In rejecting the Appellant’s construction, the Commissioner reasoned:
“[51] Applying the overtime rates at the end of the pay cycle, as the Respondent has done, deprives clause 11.2(a) of the necessary work it must do in the 2016 Agreement. That cannot have been the objective intention of the parties to the 2016 Agreement. I reject the Respondent’s contention that there is something like a rolling assessment of hours worked during the relevant pay period. The rosters are set in advance. Hours are averaged over the fortnight. If an employee works more than 76 hours, they are to be paid overtime. The additional hours worked outside the set roster are not, as the Respondent has done, counted at the end of the fortnight (and if they fall on a Sunday not paid as overtime). The additional hours are counted when they are worked. There is nothing in the 2016 Agreement that supports the Respondent’s construction that the hours are counted only at the end of the roster period.

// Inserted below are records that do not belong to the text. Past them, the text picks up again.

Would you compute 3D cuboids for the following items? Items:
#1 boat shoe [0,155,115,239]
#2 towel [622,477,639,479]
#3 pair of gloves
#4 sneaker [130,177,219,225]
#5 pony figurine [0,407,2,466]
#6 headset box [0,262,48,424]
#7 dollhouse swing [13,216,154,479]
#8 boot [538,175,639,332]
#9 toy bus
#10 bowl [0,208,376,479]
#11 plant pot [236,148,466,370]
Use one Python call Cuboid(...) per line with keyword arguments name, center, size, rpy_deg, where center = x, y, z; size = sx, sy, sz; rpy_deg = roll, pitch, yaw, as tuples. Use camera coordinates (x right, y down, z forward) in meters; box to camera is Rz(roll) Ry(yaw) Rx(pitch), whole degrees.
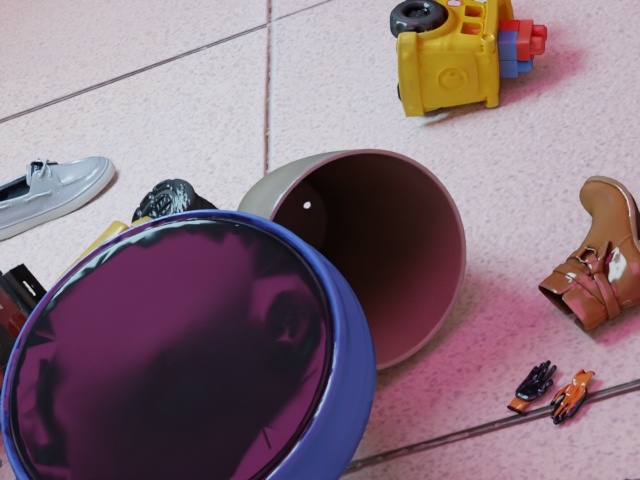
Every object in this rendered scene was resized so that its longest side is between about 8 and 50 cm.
Cuboid(name="boat shoe", center=(-0.425, -0.079, 2.259), size=(0.227, 0.081, 0.079), rpy_deg=(-26, 37, 4))
Cuboid(name="towel", center=(0.335, 0.327, 1.171), size=(0.283, 0.235, 0.121), rpy_deg=(17, 52, 42))
Cuboid(name="pair of gloves", center=(0.249, 0.164, 1.603), size=(0.083, 0.010, 0.074), rpy_deg=(11, 53, 44))
Cuboid(name="sneaker", center=(-0.231, 0.051, 1.968), size=(0.286, 0.130, 0.109), rpy_deg=(-42, 46, 17))
Cuboid(name="pony figurine", center=(-0.488, 0.307, 1.659), size=(0.351, 0.302, 0.363), rpy_deg=(-63, 2, 8))
Cuboid(name="headset box", center=(-0.477, 0.143, 1.901), size=(0.293, 0.218, 0.110), rpy_deg=(-37, 38, -4))
Cuboid(name="dollhouse swing", center=(-0.227, 0.193, 1.658), size=(0.305, 0.315, 0.347), rpy_deg=(-26, 32, -33))
Cuboid(name="boot", center=(0.309, 0.012, 1.697), size=(0.152, 0.073, 0.197), rpy_deg=(-36, 35, -4))
Cuboid(name="toy bus", center=(0.209, -0.284, 2.065), size=(0.211, 0.149, 0.220), rpy_deg=(-2, 40, 12))
Cuboid(name="bowl", center=(-0.141, 0.139, 1.487), size=(0.391, 0.077, 0.391), rpy_deg=(-10, 55, 15))
Cuboid(name="plant pot", center=(0.000, 0.000, 1.790), size=(0.256, 0.256, 0.274), rpy_deg=(-37, 22, -12))
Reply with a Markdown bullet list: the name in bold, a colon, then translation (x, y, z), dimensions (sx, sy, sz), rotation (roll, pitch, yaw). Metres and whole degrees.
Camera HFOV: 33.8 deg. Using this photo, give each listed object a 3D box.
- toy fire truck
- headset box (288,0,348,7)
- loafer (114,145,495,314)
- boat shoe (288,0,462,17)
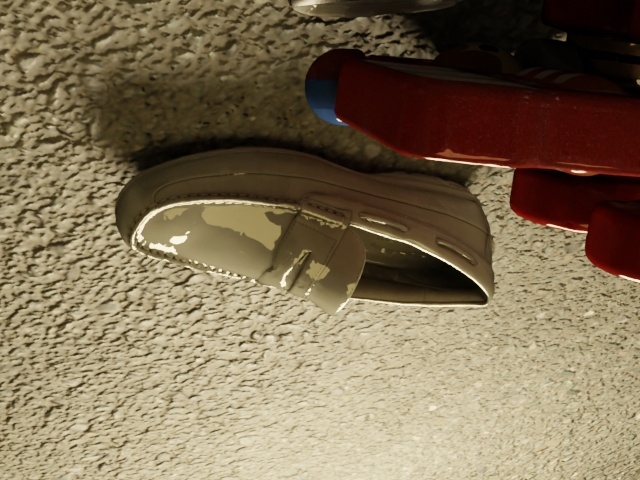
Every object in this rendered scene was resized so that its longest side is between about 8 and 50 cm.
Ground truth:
- **toy fire truck**: translation (0.127, -0.084, 0.647), dimensions (0.254, 0.302, 0.169), rotation (5, 103, -14)
- **headset box**: translation (0.119, -0.249, 0.539), dimensions (0.293, 0.110, 0.218), rotation (-8, 144, -8)
- **loafer**: translation (0.000, 0.000, 0.831), dimensions (0.319, 0.111, 0.112), rotation (3, 141, -23)
- **boat shoe**: translation (0.066, -0.173, 0.669), dimensions (0.184, 0.066, 0.063), rotation (-14, 163, -10)
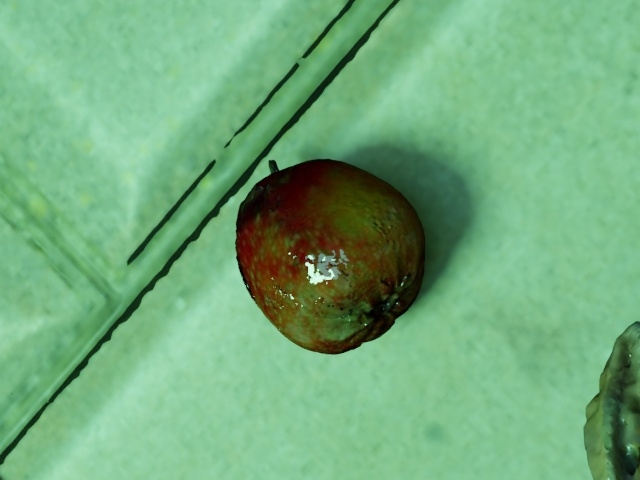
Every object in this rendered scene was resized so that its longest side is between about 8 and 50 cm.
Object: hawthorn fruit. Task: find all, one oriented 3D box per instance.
[{"bbox_3d":[0.003,0.004,0.590,0.077,0.077,0.077,1,92,18],"label":"hawthorn fruit"}]

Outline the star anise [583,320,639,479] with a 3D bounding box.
[{"bbox_3d":[0.158,0.138,0.539,0.229,0.093,0.236,-38,77,22],"label":"star anise"}]
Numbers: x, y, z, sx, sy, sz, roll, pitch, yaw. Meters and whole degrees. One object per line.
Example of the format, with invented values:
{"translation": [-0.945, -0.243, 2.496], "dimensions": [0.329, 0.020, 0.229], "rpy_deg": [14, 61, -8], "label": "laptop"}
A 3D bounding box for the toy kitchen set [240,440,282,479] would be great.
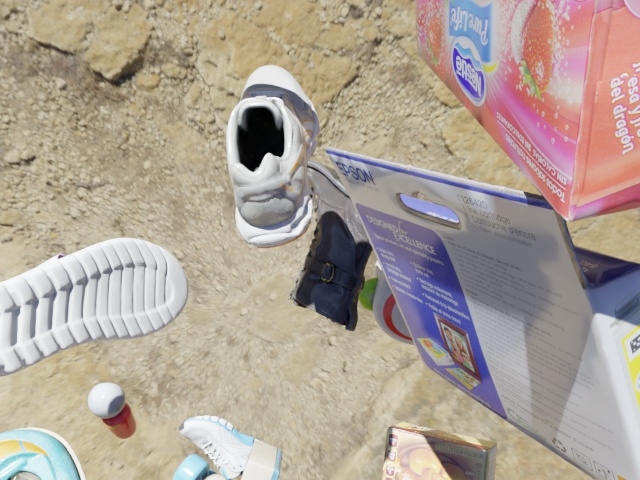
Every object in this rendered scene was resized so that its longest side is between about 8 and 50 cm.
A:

[52] Mr Micallef worked 3 more hours than his rostered shifts in the fortnight. He did so on Wednesday, 22 March 2023. He should be paid overtime in respect of the same.
[53] Actual excess hours that employees work (that are greater than 76 hours averaged in a fortnight), must attract overtime rates of pay. In circumstances where Mr Micallef worked 79 hours in the relevant period, it is only a non-sensical construction of the 2016 Agreement that would deprive him of payment. Payment for working the additional hours is something that must flow from the beneficial nature of the 2016 Agreement. ‘Regardless of when the overtime falls’ the employees must be paid. The inconvenience of working additional hours must be compensated for.
[54] True it is that clause 11.2(b) determines the entitlement. But subparagraph (b) cannot be read in isolation. It must be considered in the context of the 2016 Agreement as a whole. It is necessarily informed by the proper construction of clause 11.2(a).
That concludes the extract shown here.